Discovery launch date setNASA has
set the date for the launch of the Space Shuttle Discovery to July first. This was over some noteworthy objections:
"... many people spoke their minds on a variety of issues. And near the close of the meeting, about 25 senior managers were asked whether they were "go" or "no go" for launch.
All but two of the managers agreed that the shuttle was ready for flight. The two dissenters were NASA's chief engineer, Chris Scolese, and the head of NASA's office of safety and mission assurance, Bryan O'Connor."

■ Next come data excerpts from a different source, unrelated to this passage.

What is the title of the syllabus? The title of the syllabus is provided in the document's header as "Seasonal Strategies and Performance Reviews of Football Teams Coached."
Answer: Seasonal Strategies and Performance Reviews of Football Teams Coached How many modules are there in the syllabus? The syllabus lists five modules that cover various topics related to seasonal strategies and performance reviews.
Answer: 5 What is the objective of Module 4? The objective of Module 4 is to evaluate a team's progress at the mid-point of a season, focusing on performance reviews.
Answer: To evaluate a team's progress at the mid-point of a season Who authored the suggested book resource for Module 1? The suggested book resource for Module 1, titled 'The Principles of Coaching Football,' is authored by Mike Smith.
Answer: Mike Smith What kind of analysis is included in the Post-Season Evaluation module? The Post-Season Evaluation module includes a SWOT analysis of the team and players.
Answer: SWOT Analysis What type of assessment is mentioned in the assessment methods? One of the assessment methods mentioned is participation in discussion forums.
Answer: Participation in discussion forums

This sort of thing is going to happen for all the remaining Shuttle launches. The bottom line is that it is a bad design. The design decision, made back in the 1970s, to re-use the main engines on multiple launches forced multiple design parameters. First, it forced the side-by-side configuration of orbiter and tank. This meant that the cross-sectional area of the launch system was effectively doubled, and forced a highly energetic fuel (hydrogen) instead of the more compact RP-1 (kerosene). That forced the dimensions of the tank, and also forced the requirements for the Spray-On Foam Insulation, which has caused so many problems. The hydrogen-burning engine doesn't have a high enough sea-level thrust to launch the rocket by itself, so that forced the addition of the solid-fuel boosters, which have caused their own problems. The one bad decision to re-use the main engines formed a cascade of problems, which continue to this day and which will not go away.
Mike Griffin okayed the launch date over the objections of the chief engineer and the saftey officer, because he knows that he can't allow the schedule to slip too far.

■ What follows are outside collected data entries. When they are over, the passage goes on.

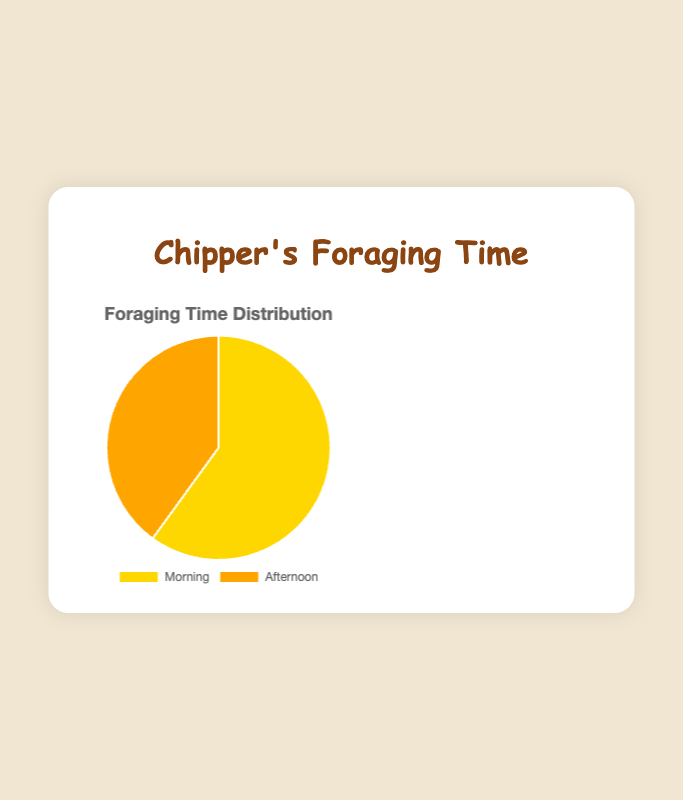What's the total foraging time for Chipper? To find the total foraging time, add the time spent foraging in the morning (45 minutes) and the afternoon (30 minutes). So, 45 + 30 = 75 minutes.
Answer: 75 minutes Which foraging period does Chipper spend more time in, morning or afternoon? By comparing the times, Chipper spends 45 minutes in the morning and 30 minutes in the afternoon. 45 is greater than 30, so Chipper spends more time foraging in the morning.
Answer: Morning What fraction of Chipper's total foraging time is spent in the afternoon? First, find Chipper's total foraging time (45 + 30 = 75 minutes). Then, divide the afternoon foraging time by the total, 30/75 = 2/5 or 0.4 in decimal form.
Answer: 2/5 or 0.4 If Chipper were to double the time spent foraging in the afternoon, how would the pie chart's sectors change? Initially, Chipper's afternoon time is 30 minutes. Doubling this makes it 60 minutes. New total foraging time is 45 (morning) + 60 (afternoon) = 105 minutes. Morning would be 45/105 of the chart, and afternoon would be 60/105 of the chart.
Answer: 45/105 in the morning, 60/105 in the afternoon Is the proportion of time Chipper spends foraging in the morning greater than 50%? Calculate the proportion: morning foraging time is 45 minutes out of a total of 75 minutes. 45/75 = 3/5, which is 0.6 or 60%. Since 60% is greater than 50%, the proportion is indeed greater.
Answer: Yes What is the color used to represent the afternoon foraging time? The pie chart uses a distinct color for each segment. The afternoon foraging time is represented by the orange segment.
Answer: Orange If Chipper decided to split his afternoon foraging time evenly between the morning and afternoon, what would be the new foraging times for each period? Initially, afternoon is 30 minutes. Splitting this in half gives 15 minutes each to morning and afternoon. Morning would then be 45 + 15 = 60 minutes, and afternoon would be 15 minutes.
Answer: Morning: 60 minutes, Afternoon: 15 minutes How much more time does Chipper spend foraging in the morning compared to the afternoon? Subtract the afternoon foraging time from the morning foraging time. 45 minutes (morning) - 30 minutes (afternoon) = 15 minutes.
Answer: 15 minutes What percentage of Chipper's foraging time is spent in the morning? To find the percentage, divide the morning time by the total time and multiply by 100. (45/75) * 100 = 60%.
Answer: 60% What is the combined duration of Chipper and Nibbles' afternoon foraging times? Add Chipper's (30 minutes) and Nibbles' (35 minutes) afternoon foraging times together. 30 + 35 = 65 minutes.
Answer: 65 minutes 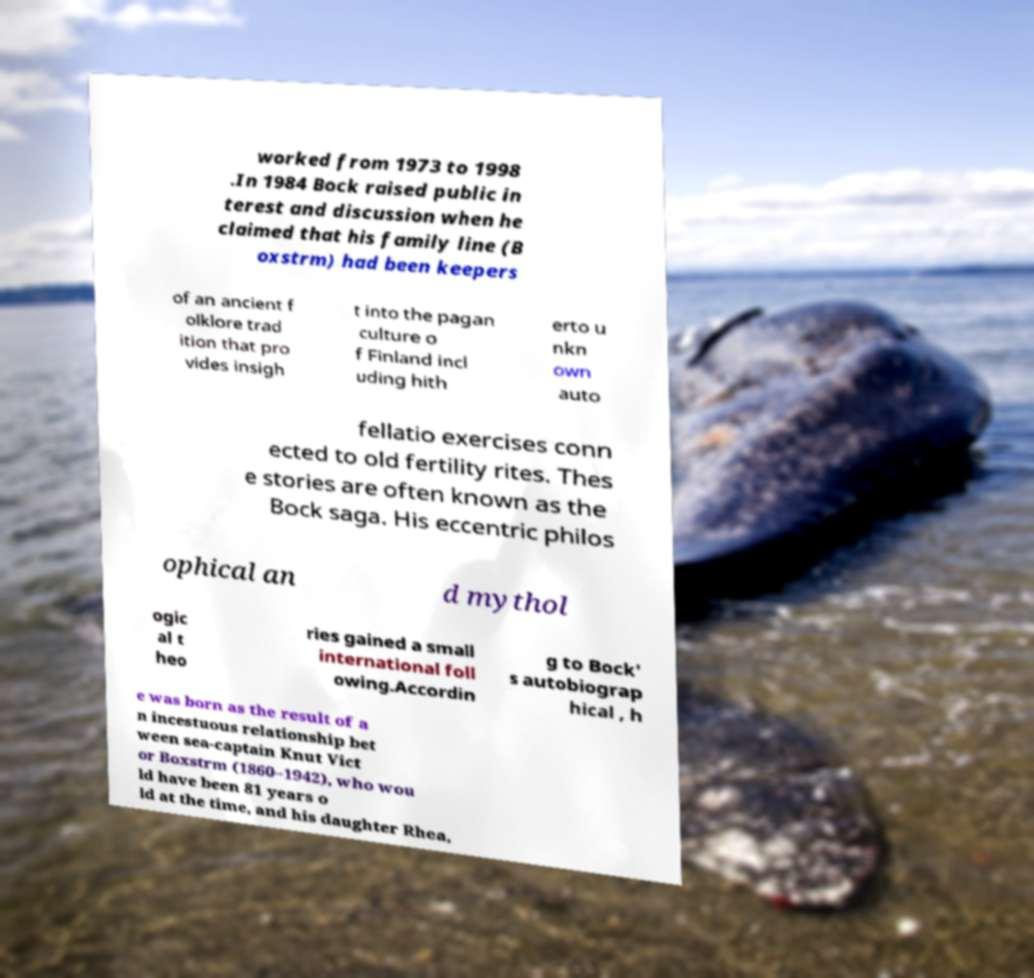Can you read and provide the text displayed in the image?This photo seems to have some interesting text. Can you extract and type it out for me? worked from 1973 to 1998 .In 1984 Bock raised public in terest and discussion when he claimed that his family line (B oxstrm) had been keepers of an ancient f olklore trad ition that pro vides insigh t into the pagan culture o f Finland incl uding hith erto u nkn own auto fellatio exercises conn ected to old fertility rites. Thes e stories are often known as the Bock saga. His eccentric philos ophical an d mythol ogic al t heo ries gained a small international foll owing.Accordin g to Bock' s autobiograp hical , h e was born as the result of a n incestuous relationship bet ween sea-captain Knut Vict or Boxstrm (1860–1942), who wou ld have been 81 years o ld at the time, and his daughter Rhea,

"I don't want to get us into a situation whereby being more cautious than I think technically necessary today, we end up having to execute six flights in the last year," he said. "That's not smart. I'm willing as administrator . . . to take some programmatic risk now -- and you'll notice I did not say crew risk -- in order to prevent an excessive buildup of programmatic risk later on. This is, in fact, what you pay me to do."
He's got a schedule to keep. The problem for him is that he has a limited amount of time before the retirement of the Shuttle fleet in 2010. There are 16 more launches necessary to complete the International Space Station, plus possibly two more flights to the ISS, as well as a possible final Hubble servicing mission. Between July of this year and the end of December 2010, there are 54 months remaining. For the 18 missions remaining after the July launch, that is one mission every three months, four missions a year. Some years will have to have five missions, just to allow time for other missions to have some schedule slack.
Can NASA do five shuttle missions in a year? Well, during the 1989 - 1990 period NASA launched 11 flights with only three shuttles (Columbia was gone and Endeavour had not yet been delivered), so it is possible for NASA to do it. However, Discovery and Atlantis are now both 16 or 17 years older since that time, and Endeavour is 15 years old. And NASA is still stuck with the fundamental problems stemming from bad initial design decisions.
Update: Mark Whittington is right, the only way the Shuttle can be made safe is if it never flies again.
And I have stated before that I think that there will be at least one more shuttle loss. It's a risk, yes, and for those whose lives are involved it is a risk they deem worthy to take. It is a risk I would take myself if I had the chance.
Another Shuttle loss would be tragic for the families of those immediately involved. For NASA however, that would likely be the catalyst to fundamentally change the way that the agency operates. NASA has to get away from being a one-stop shop for access to space. Instead of developing and building and launching everything and everyone, NASA has to concentrate on that second A in its name.
NASA has to become an administration along the model of the FAA or the FCC. If any company or government agency wants to launch a spacecraft, they should turn to the private sector to supply that launch service. NASA could help by doing things such as certifying a model of space vehicle the way the FAA certifies planes; such a certification would enable lower insurance costs. NASA could be enabling the construction and certification of spaceports, by gathering all the requirements from agencies such at the EPA and FAA and ensuring that a spaceport complies with those requirements. Eventually NASA would be responsible for some sort of space traffic control as well. NASA could also be responsible for administrating the prize initiatives, modeled after the X-Prize and the Centennial Challenges program.
Getting NASA out of satellite construction, launch, and operation and out of passenger launch will be the only sure way of getting the Vision for Space Exploration initiative implemented. That will force NASA to cut down perhaps 90% of its workforce - a workforce that has thousands of individuals quite capable of putting together their own private space companies. And it is the existing private space firms and all the new ones that would be formed following a downsizing at NASA which would do the bulk of the work in space to achieve the VSE.
Instead of doing this much needed step though, NASA will just keep forging along using the Shuttles to try to complete the ISS before the end of 2010. If they cut down on the number of remaining flights, then they might get lucky and not lose a Shuttle. If they muddle it through without managing to lose another Shuttle, then the much-needed changes at the agency will be further delayed - but NASA will still need to change. As we approach 2010, the need for change at NASA will become more and more evident, hopefully before 2010 and before another Shuttle is lost.